[Opening Data supplied section]

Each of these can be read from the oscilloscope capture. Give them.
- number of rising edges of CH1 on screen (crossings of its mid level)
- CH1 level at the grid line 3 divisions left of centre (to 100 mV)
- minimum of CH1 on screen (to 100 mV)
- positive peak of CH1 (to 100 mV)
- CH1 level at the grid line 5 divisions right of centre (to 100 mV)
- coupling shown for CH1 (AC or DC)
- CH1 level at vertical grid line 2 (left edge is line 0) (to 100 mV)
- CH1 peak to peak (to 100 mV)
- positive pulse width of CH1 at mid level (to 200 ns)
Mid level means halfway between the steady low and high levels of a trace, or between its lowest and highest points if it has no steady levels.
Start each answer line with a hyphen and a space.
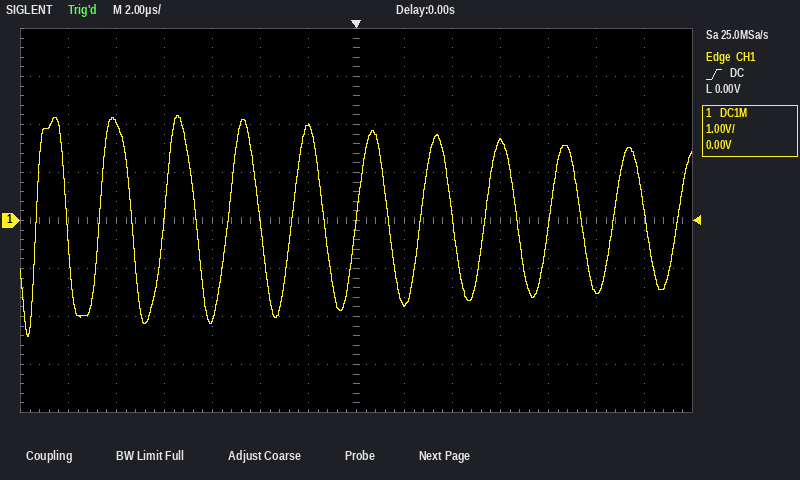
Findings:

[Closing Data supplied section]

▸ Your task
Go through the data above and copy each line in which "positive" appears.

▸ Task result
- positive peak of CH1 (to 100 mV)
- positive pulse width of CH1 at mid level (to 200 ns)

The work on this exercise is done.